Fausa O, Nygaard K, Elgjo K
Scand J Gastroenterol. 1977;12(6):657-62. doi: 10.3109/00365527709181699.
Amyloidosis associated with Crohn's disease was found in 7 patients among 85 subjected to intestinal resection for granulomatous enterocolitis. Most of the patients had symptoms of inflammatory bowel disease of relatively short duration before the diagnosis of amyloidosis was made and were without suppurative complications. Systemic involvement was seen in 6 of the patients. One died postoperatively from renal failure, and in 2 other patients kidney transplantation was performed because of deterioration of a pre-existent renal insufficiency. Six patients were alive 6 months to 10 years after amyloidosis was diagnosed. There is great risk of rapid deterioration of kidney function postoperatively in these patients.

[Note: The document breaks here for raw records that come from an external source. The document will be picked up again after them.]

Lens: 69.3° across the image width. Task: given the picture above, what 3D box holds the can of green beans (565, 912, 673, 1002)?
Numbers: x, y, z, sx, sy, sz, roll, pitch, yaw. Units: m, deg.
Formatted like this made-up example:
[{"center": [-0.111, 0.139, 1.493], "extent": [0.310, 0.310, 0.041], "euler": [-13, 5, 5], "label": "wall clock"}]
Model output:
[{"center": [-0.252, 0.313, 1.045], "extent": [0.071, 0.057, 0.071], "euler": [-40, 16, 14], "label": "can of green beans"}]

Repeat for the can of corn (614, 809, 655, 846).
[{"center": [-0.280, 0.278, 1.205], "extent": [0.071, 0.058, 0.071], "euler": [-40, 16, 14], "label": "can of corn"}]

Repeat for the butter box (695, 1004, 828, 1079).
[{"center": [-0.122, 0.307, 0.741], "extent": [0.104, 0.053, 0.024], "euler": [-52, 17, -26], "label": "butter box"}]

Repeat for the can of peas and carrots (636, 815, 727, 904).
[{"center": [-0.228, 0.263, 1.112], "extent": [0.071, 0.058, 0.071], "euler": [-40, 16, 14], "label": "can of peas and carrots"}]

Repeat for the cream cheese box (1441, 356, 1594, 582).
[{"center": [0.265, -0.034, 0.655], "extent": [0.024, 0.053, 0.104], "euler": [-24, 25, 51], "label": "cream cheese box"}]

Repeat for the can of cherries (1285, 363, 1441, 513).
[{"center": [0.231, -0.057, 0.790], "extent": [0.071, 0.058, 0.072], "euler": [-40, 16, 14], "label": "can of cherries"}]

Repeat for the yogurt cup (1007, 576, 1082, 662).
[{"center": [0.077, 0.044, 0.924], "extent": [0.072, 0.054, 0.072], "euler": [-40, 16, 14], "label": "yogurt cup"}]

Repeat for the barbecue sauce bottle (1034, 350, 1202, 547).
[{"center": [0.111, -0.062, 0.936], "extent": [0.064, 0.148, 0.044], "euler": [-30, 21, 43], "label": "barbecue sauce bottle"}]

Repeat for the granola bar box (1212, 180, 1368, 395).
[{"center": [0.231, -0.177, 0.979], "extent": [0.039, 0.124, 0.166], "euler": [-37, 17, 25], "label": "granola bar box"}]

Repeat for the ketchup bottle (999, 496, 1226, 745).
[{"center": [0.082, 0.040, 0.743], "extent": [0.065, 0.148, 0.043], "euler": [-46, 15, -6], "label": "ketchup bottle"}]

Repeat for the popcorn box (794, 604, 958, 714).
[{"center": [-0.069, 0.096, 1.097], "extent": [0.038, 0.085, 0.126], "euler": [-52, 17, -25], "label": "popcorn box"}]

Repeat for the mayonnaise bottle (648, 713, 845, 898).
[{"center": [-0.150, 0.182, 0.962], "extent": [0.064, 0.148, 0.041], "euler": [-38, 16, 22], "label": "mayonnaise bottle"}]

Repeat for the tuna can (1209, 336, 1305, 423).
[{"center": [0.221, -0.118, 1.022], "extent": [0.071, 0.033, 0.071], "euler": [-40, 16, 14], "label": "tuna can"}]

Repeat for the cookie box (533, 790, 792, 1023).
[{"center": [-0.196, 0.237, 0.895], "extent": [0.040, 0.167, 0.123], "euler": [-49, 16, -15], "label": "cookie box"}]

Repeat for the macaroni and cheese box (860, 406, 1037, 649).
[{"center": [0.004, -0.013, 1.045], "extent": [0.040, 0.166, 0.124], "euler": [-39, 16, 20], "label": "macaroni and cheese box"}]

However, our experience suggests that in some cases the progression of amyloidosis may be delayed or even brought to a halt after surgical treatment of Crohn's disease.
在85例因肉芽肿性小肠结肠炎接受肠切除手术的患者中,发现7例患有与克罗恩病相关的淀粉样变性。大多数患者在淀粉样变性诊断前患有炎症性肠病的症状,病程相对较短,且无化脓性并发症。6例患者出现全身受累。1例患者术后死于肾衰竭,另外2例患者因术前存在的肾功能不全恶化而接受了肾移植。6例患者在淀粉样变性诊断后存活了6个月至10年。这些患者术后肾功能有迅速恶化的巨大风险。然而,我们的经验表明,在某些情况下,克罗恩病手术治疗后淀粉样变性的进展可能会延迟甚至停止。